- Other name: Super Good Lakshmanan
- Years active: 1990–present
- Known for: Actor

= Bava Lakshmanan =

Indian actor

Bava Lakshmanan is an Indian Tamil actor and comedian who predominantly featured in comedy roles. For the major part of his acting career, he shared screenspace with fellow veteran comedian actor Vadivelu in many film comedy sequences.

== Career ==
Originally from Madurai, Lakshmanan was born as fifth child among two sisters and six brothers in the family. He started his career as child actor portraying Surulirajan's son in Madras to Pondicherry (1966) through which he developed interest towards acting. He was originally screen tested for Karthik's role in Alaigal Oivathillai (1981), which did not happen.

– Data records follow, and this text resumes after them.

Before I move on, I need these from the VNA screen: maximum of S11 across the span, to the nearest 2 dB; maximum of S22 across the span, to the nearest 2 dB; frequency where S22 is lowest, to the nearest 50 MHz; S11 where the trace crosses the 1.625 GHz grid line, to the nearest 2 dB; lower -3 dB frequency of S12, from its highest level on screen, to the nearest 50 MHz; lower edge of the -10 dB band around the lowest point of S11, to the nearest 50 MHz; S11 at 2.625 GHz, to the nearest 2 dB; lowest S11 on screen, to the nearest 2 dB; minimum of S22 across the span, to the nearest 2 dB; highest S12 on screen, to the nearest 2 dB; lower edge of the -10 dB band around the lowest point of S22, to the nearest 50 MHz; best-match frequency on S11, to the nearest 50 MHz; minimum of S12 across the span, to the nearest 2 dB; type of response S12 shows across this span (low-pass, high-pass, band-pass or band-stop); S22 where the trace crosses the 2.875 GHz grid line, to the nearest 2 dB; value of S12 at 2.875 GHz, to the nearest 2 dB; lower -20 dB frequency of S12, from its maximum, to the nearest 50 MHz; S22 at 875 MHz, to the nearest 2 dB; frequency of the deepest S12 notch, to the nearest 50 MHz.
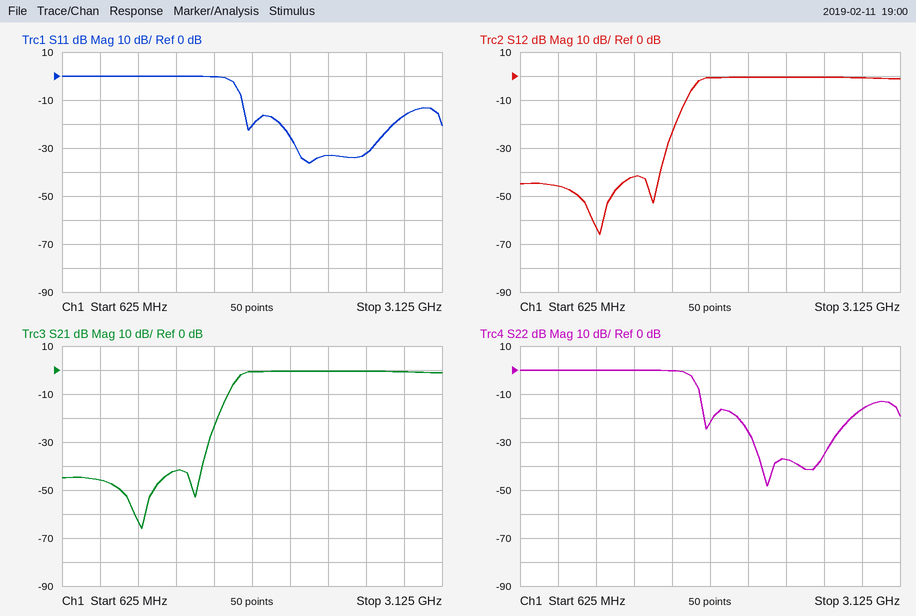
0 dB
0 dB
2.25 GHz
0 dB
1.80 GHz
1.80 GHz
-32 dB
-36 dB
-48 dB
0 dB
1.80 GHz
2.25 GHz
-66 dB
high-pass
-16 dB
0 dB
1.65 GHz
0 dB
1.15 GHz

He briefly worked as painter and construction worker. He joined as worker for FEFSI Vijayan through which he tried for opportunities for films. He worked as manager for the film Sirayil Sila Raagangal (1990) and worked as production manager for Super Good Films where he earned the name Super Good Lakshmanan. Many directors cast him in comedic roles due to his Madurai Tamil dialect.

He received more attention and popularity from general audience when they regularly combined with Vadivelu in comedy tracks. He was well known for his dialogue "Vaa Ma Minnal" () during a marriage proposal sequence in the film Maayi (2000), which gained him lot of fame.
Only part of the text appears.